Active modulation of optical leaky wave antenna by vanadium dioxide corrugations

Abstract

Active tunability of optical leaky wave antenna is highly desired to enable greater control on light-matter interaction, sensing, and communication. Phase-changing materials can be integrated in optical antennas to enable such tunability. Among the phase-changing materials, vanadium dioxide (VO2) is the most useful as it shows the semiconductor to metal transition (68°C) very close to the room temperature. The phase transition in VO2 can be commonly induced by optical pulses or electrical joule heating. VO2 exhibits significant temperature-dependent electrical and optical coefficients even outside of the transition temperature making it suitable for both - fine and coarse tuning of the properties of optical devices depending on the temperature bias. In this work, we study optical leaky wave antenna consisting of a silicon nitride waveguide with periodic VO2 nanowire perturbations. We present the numerical analysis of different arrangements of the periodic perturbations. The antenna operates by the coupling between the evanescent mode of the waveguide and the nanowires.

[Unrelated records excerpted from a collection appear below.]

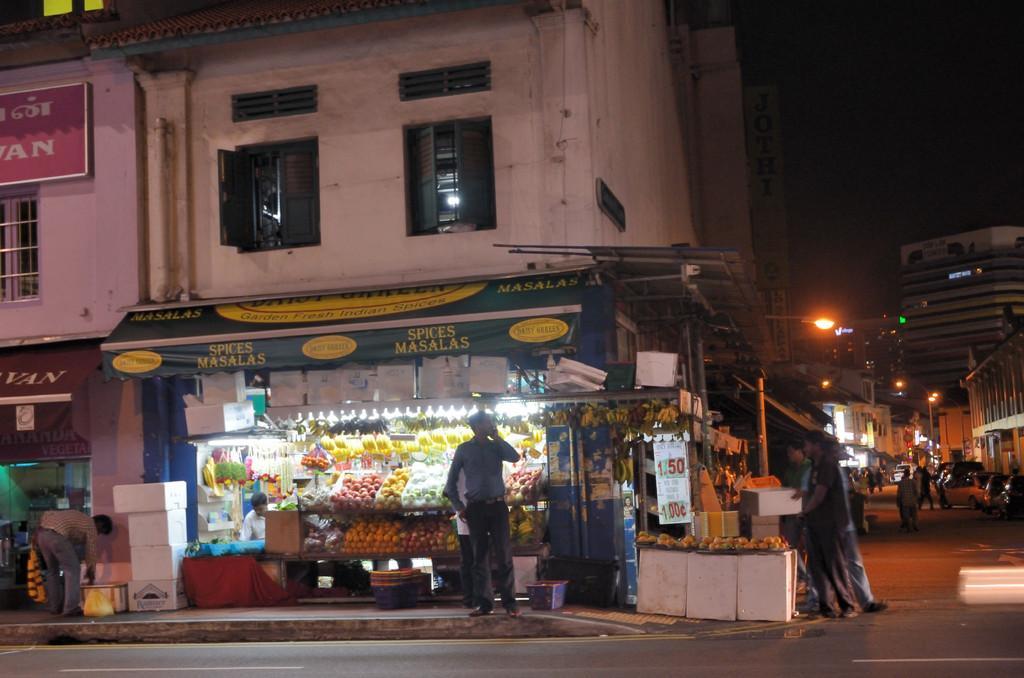Could you give a brief overview of what you see in this image? In this picture there is a man who is holding a mobile phone. He is standing near to the shop. In the fruit shop we can see an apples, bananas, grapes and other items. On the right we can see many cars and street lights on the road. On the left there is a building. At the top we can see the windows and board. In the bottom left there is a man who is standing near to the shop. In the top right there is a darkness. 
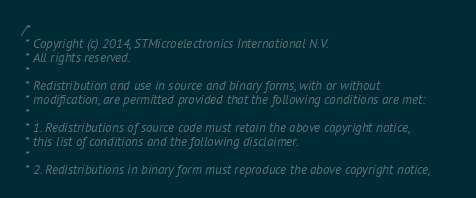<code> <loc_0><loc_0><loc_500><loc_500><_C_>/*
 * Copyright (c) 2014, STMicroelectronics International N.V.
 * All rights reserved.
 *
 * Redistribution and use in source and binary forms, with or without
 * modification, are permitted provided that the following conditions are met:
 *
 * 1. Redistributions of source code must retain the above copyright notice,
 * this list of conditions and the following disclaimer.
 *
 * 2. Redistributions in binary form must reproduce the above copyright notice,</code> 
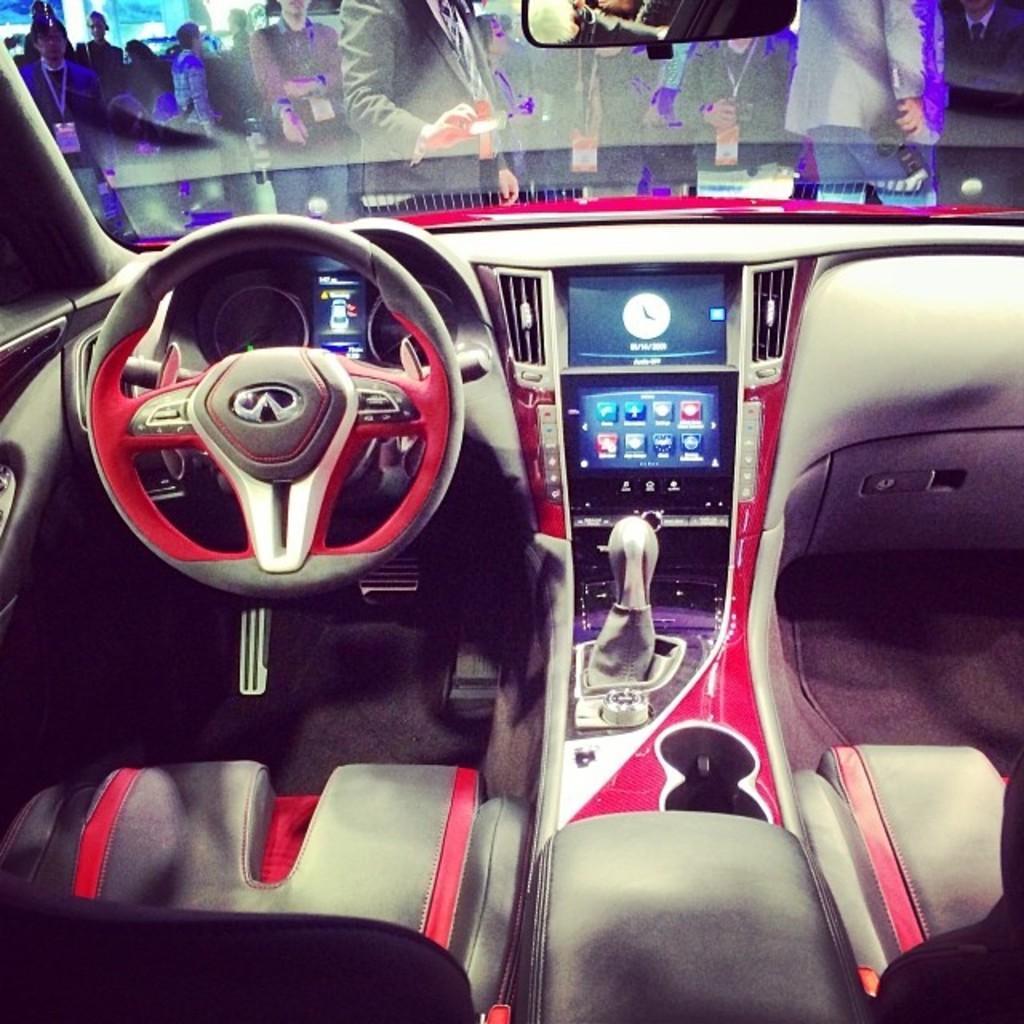Could you give a brief overview of what you see in this image? In this image we can see inside view of a vehicle in which we can see screens, clock and a mirror. In the background, we can see some people standing. One person is holding a device in his hand. One man is holding a camera in his hand.

We show that, by selective joule heating of individual nanowires we can tune the optical property of corrugations and enable wider tuning range and higher degree of control on the radiated beam. We also include a comparative study to show tunability and performance of the antenna with different phase-changing materials like vanadium pentoxide (V2O5) and germanium-antimony-tellurium (GST). We show that, around the phase transition temperature of VO2, the directive gain of the antenna can be modulated by up to 25 dB and the radiation peak position can be tuned by up to 2.3°.